Data records →

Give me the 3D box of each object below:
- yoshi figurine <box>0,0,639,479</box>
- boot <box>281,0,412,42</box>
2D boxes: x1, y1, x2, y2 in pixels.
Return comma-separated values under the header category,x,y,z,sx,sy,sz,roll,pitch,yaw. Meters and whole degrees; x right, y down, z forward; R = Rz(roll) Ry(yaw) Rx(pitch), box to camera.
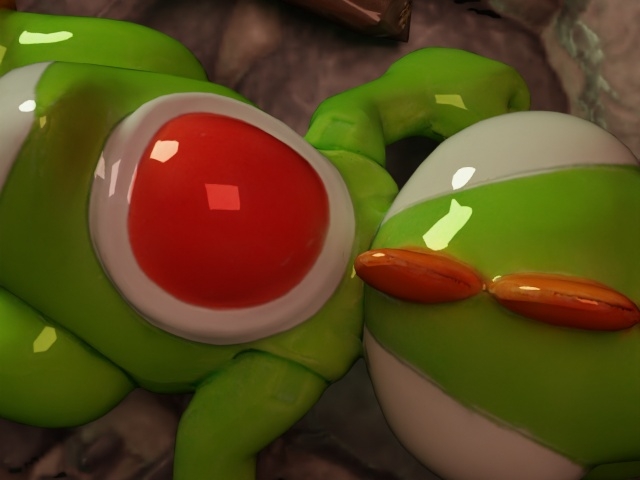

Exercise prompt → Without the pictures, retype exactly the lines from the one that holds "2D boxes: x1, y1, x2, y2 in pixels." to the last line of the data above, both of them included.

Solution to this task →
2D boxes: x1, y1, x2, y2 in pixels.
Return comma-separated values under the header category,x,y,z,sx,sy,sz,roll,pitch,yaw. Meters and whole degrees; x right, y down, z forward; R = Rz(roll) Ry(yaw) Rx(pitch), box to camera.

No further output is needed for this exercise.